We see that we had exaggerated the difficulty. It was easy to him. The great man is not convulsible or tormentable. He is so much, that events pass over him without much impression. People say sometimes, " See what I have overcome; see how cheerful I am; see how completely I have triumphed over these black events.” Not if they still remind me of the black event,—they have not yet conquered. Is it conquest to be a gay and decorated sepulchre, or a half-crazed widow hysterically laughing? True conquest is the causing the black event to fade and disappear, as an early cloud of insignificant result in a history so large and advancing.

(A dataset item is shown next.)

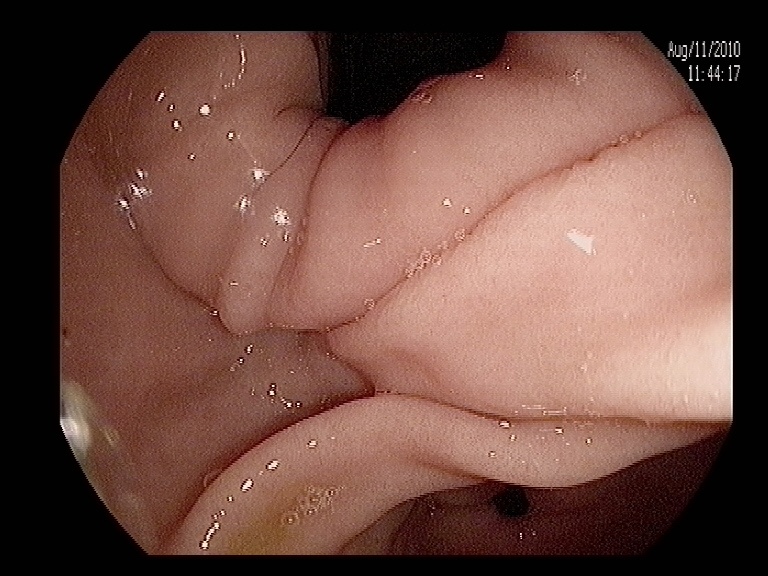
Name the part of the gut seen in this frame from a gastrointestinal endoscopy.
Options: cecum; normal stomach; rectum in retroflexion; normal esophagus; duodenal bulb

normal stomach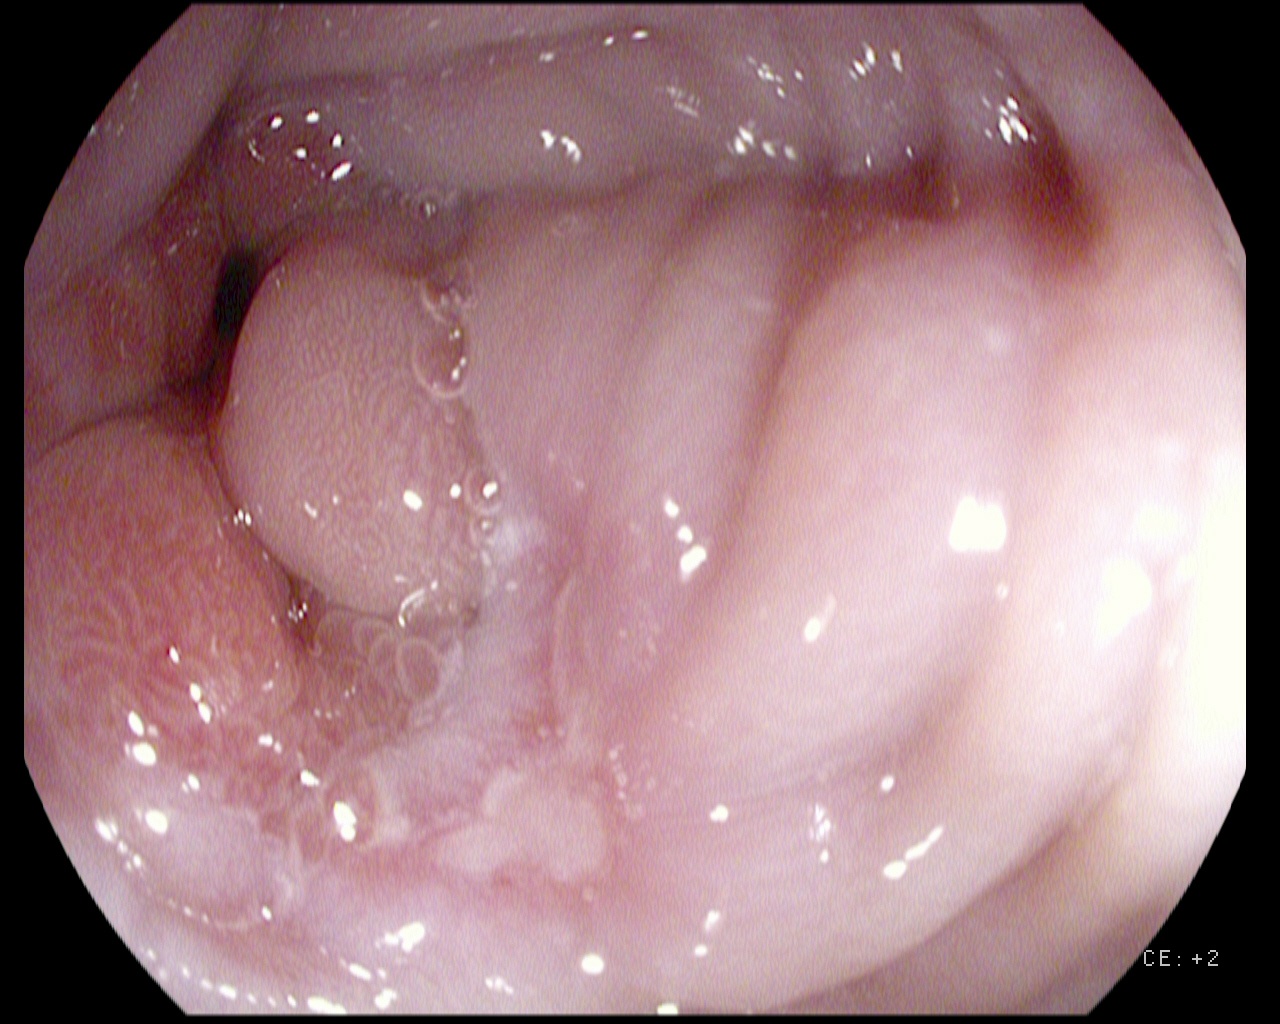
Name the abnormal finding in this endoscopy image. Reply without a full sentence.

esophagitis

The one thing which we seek with insatiable desire, is to forget ourselves, to be surprised out of our propriety, to lose our sempiternal memory, and to do something without knowing how or why; in short, to draw a new circle. Nothing great was ever achieved without enthusiasm. The way of life is wonderful. It is by abandonment. The great moments of history are the facilities of performance through the strength of ideas, as the works of genius and religion. A man,' said Oliver Cromwell,

never rises so high as when he knows not whither he is going.'

Dreams and drunkenness, the use of opium and alcohol, are the semblance and counterfeit of this oracular genius, and hence their dangerous attraction for men. For the like reason, they ask the aid of wild passions, as in gaming and war, to ape in some manner these flames and generosities of the heart.